Under the terms of the agreement, which runs until the end of 2024, Merck will conduct clinical development on the copy of Enbrel (etanercept) and be responsible for manufacturing of the biosimilar, called HD203. Upon marketing approval, Merck will sell HD203 globally, except in Korea and Turkey where Hanwha has retained marketing rights.

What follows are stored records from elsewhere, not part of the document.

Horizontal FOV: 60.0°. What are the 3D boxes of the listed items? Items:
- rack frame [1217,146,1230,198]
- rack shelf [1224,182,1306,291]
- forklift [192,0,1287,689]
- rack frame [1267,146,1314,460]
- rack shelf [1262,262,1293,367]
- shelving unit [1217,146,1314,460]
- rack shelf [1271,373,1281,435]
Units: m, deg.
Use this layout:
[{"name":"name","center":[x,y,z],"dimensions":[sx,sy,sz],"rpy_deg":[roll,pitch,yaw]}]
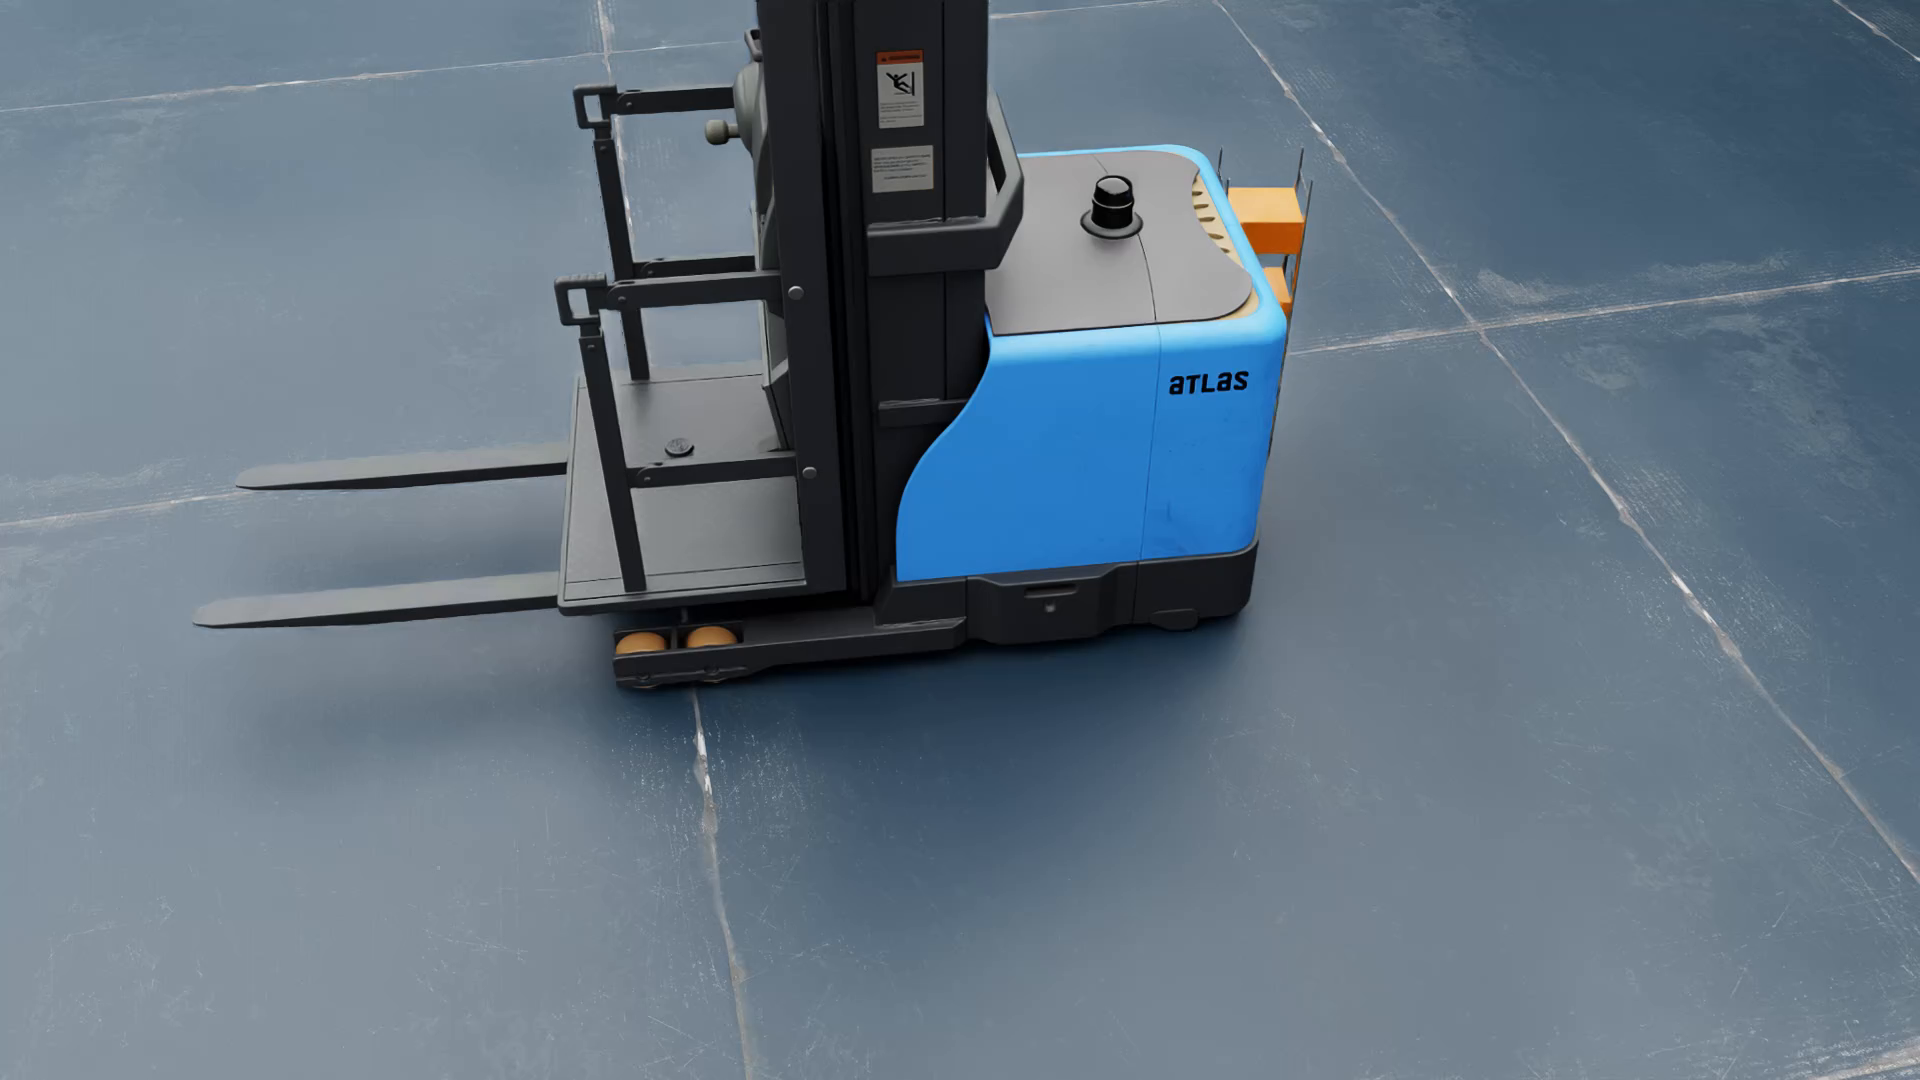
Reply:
[{"name":"rack frame","center":[0.785,-0.726,5.277],"dimensions":[0.008,1.050,0.200],"rpy_deg":[0,42,0]},{"name":"rack shelf","center":[0.907,-0.930,5.095],"dimensions":[0.240,0.259,0.215],"rpy_deg":[0,42,0]},{"name":"forklift","center":[-0.690,-1.044,4.219],"dimensions":[3.031,2.935,1.130],"rpy_deg":[-5,42,-6]},{"name":"rack frame","center":[1.029,-0.725,5.276],"dimensions":[0.008,1.050,0.200],"rpy_deg":[0,42,0]},{"name":"rack shelf","center":[0.907,-0.717,5.283],"dimensions":[0.240,0.259,0.215],"rpy_deg":[0,42,0]},{"name":"shelving unit","center":[0.907,-0.725,5.276],"dimensions":[0.252,1.050,0.215],"rpy_deg":[0,42,0]},{"name":"rack shelf","center":[0.907,-0.510,5.468],"dimensions":[0.240,0.259,0.215],"rpy_deg":[0,42,0]}]

In return, Hanwha will bank an upfront fee and will be eligible for additional payments associated with technology transfer and regulatory progress, plus tiered royalties. Specific financial terms of the agreement have not been disclosed, although the Wall Street Journal claims the pact is worth around $720 million.
HD203 is currently in a Phase III study in Korea to evaluate its equivalence to Enbrel in combination with methotrexate in patients with RA. Clinical trials have yet to be initiated in the USA, the firms stated.
Noting that Hanwha “has established outstanding biopharmaceutical development capabilities”, Michael Kamarck, president of Merck BioVentures, said Enbrel is “widely considered to be one of the most important biosimilar molecules”. He added that “this candidate represents a valuable addition to our broad biosimilars portfolio”.
Enbrel is a big earner. For the first quarter, Amgen reported $875 million in North American sales of the drug, up 9%, while Pfizer posted an 8% increase in turnover (outside North America) to $870 million. Enbrel goes off-patent in the USA in October next year but will not face competition for some time as there is still no system in place across the pond to approve biosimilars.